GOAL OF THE EXERCISE: An exact copy of every record is needed, with all pictures omitted.

DATASET CONTENT:
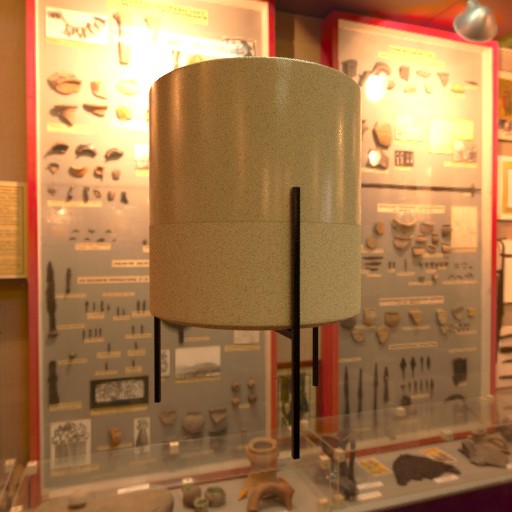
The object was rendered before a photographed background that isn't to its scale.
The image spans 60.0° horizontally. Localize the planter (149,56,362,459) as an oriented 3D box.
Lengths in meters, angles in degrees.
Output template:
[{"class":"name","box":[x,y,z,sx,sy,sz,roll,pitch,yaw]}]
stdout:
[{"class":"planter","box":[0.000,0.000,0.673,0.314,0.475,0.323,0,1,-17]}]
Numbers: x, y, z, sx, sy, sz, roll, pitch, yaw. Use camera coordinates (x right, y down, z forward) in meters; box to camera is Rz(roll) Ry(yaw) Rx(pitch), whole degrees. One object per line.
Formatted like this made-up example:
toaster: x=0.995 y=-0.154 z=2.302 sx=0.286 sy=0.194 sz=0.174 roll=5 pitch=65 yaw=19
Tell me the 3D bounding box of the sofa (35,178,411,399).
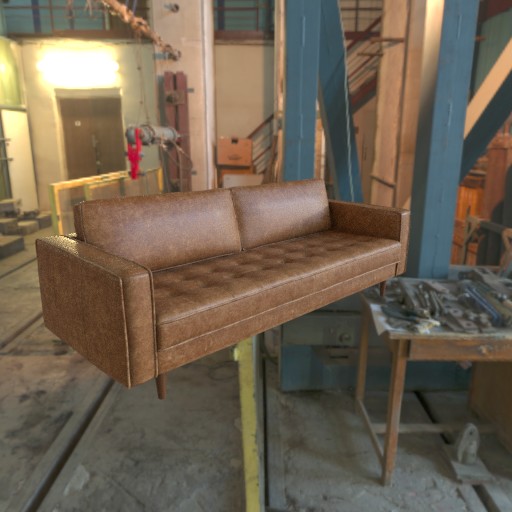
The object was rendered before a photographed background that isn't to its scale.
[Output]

ANSWER AREA:
The object was rendered before a photographed background that isn't to its scale.
The image spans 60.0° horizontally. Localize the planter (149,56,362,459) as an oriented 3D box.
Lengths in meters, angles in degrees.
Output template:
[{"class":"name","box":[x,y,z,sx,sy,sz,roll,pitch,yaw]}]
stdout:
[{"class":"planter","box":[0.000,0.000,0.673,0.314,0.475,0.323,0,1,-17]}]
Numbers: x, y, z, sx, sy, sz, roll, pitch, yaw. Use camera coordinates (x right, y down, z forward) in meters; box to camera is Rz(roll) Ry(yaw) Rx(pitch), whole degrees. One object per line.
Formatted like this made-up example:
toaster: x=0.995 y=-0.154 z=2.302 sx=0.286 sy=0.194 sz=0.174 roll=5 pitch=65 yaw=19
Tell me the 3D bounding box of the sofa (35,178,411,399).
The object was rendered before a photographed background that isn't to its scale.
[Output]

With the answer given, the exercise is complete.